С датой Матрена маленько прилгнула. Ну да кто обращает внимание на этакие мелочи, когда дело касается житий святых.
– Ветви сии, а финик сиречь сосна сирийская, колючая, воткнулись в мясо Симеону. Плоть под веревкой загнила, – Матрена подложила добавки в миску. – Заползали в ней черви. И пошла от того гноя воня злая по всему монастырю. Монахи обозлились и подали жалобу. Ну Симеона и изгнали из стен. И в колодце с гадами он жил. И на гноище жил…
– Господи, да как же это? – опечалилась Феодосья. – За что изгнали его?!
– Добрые люди….
При сих словесах Матрена хлюпнула носом и утерла правый глаз, как бы внося себя в список тех людей.
– Добрые люди возвели Симеону, дай Бог ему здоровья, из камня столп высотою в шесть локтей. И простоял он на столпе, молясь, четыре года. После возвел Симеон столп высотой уж в двадцать два локтя. Ну и так все выше и выше…
Матрена доскребла миску, дожевала хлеб и откинулась к стене, смежив зенки…
Феодосья не мигая глядела на потолок, освещенный пламенем свечи. На потолке струилась зноем горячая сирийская пустыня. Одинокий колючий финик, похожий на елку, стоял на холме. И белела выжженным обкрошившимся камнем высокая неровная башня с маленькой фигуркой на вершине.
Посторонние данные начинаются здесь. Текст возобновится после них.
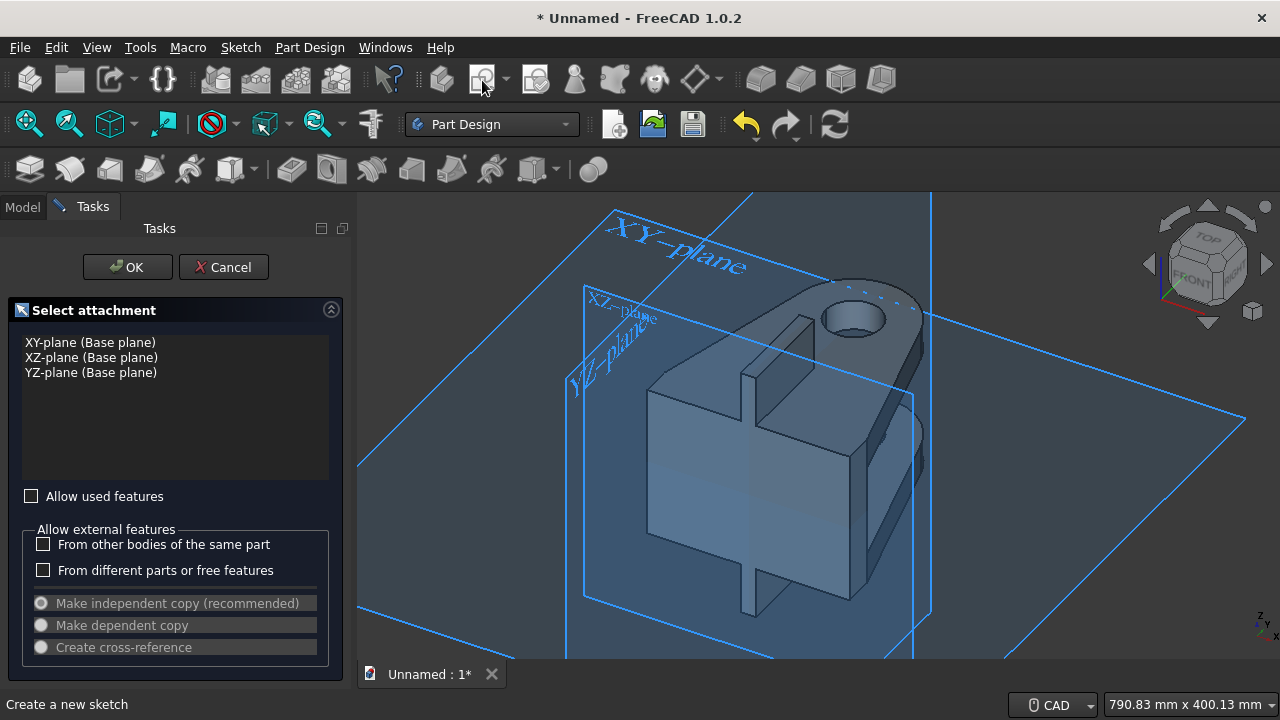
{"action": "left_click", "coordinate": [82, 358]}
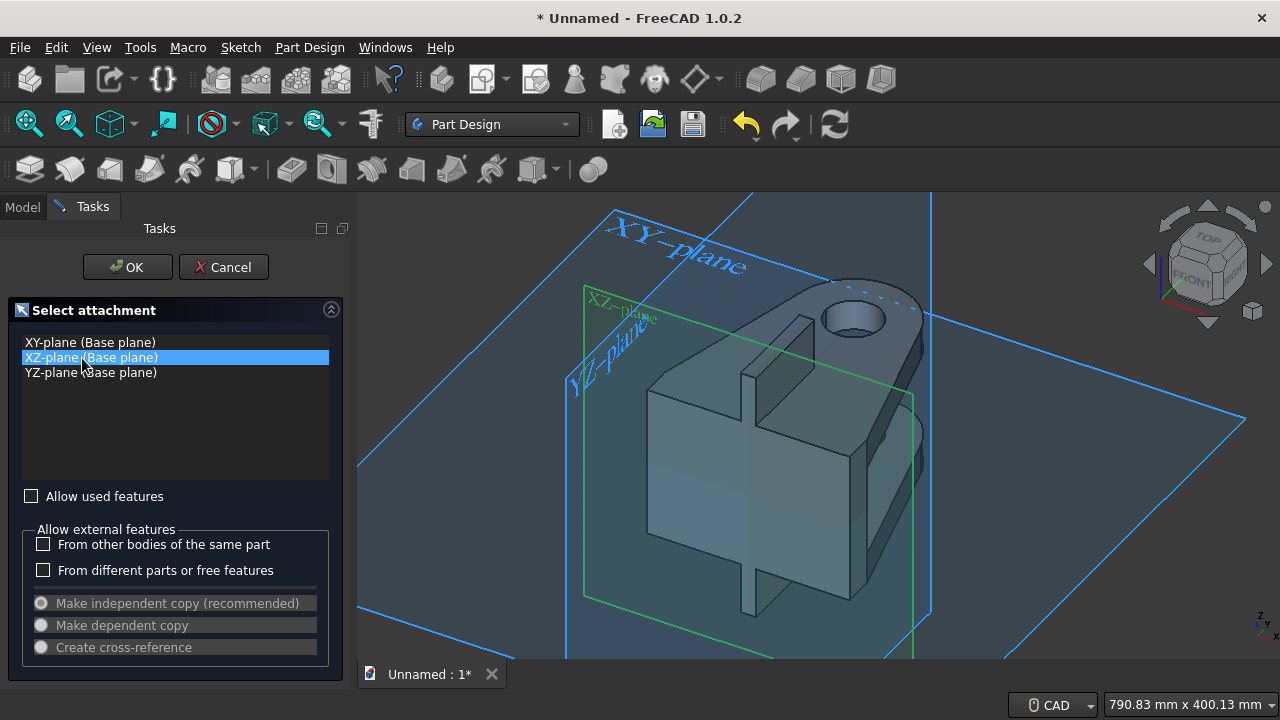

Ах, почто Матрена набаяла сию историю? Утром Феодосия покрепче перевязала веревку люльки на плече и молча, не слушая воплей повитухи, ушла в осеннюю темень. Вечером она не вернулась. Матрена прождала три дня, плача закрыла избу и вернулась в дом Строгоновых, где Мария должна была разродиться вторым чадцем.
Глава девятнадцатая
Блаженная
– Юродивые, это семя святое, – тепло промолвил отец Нифонт, уповая поставить точку в прениях отца Логгина, с утра докучавшего коллеге пламенной лекцией о блаженных и юродивых Христа ради.
Возбудителем речей отца Логгина стала встреченная им на паперти Феодосья. Она всю ночь простояла на ступенях церкви, проникновенно и сосредоточенно молясь. Отец Логгин вовсе не алкал столкнуться с блаженной Феодосьей, или, как ее теперь звали в Тотьме, дуркой безпохотной, ибо побаивался ее неожиданных умовредных выкриков. Так родитель, выпестовавший кровожадное дитя, сам же и опасается его и, в конце концов, облегченно вздыхает, когда чадо сгинет с глаз долой.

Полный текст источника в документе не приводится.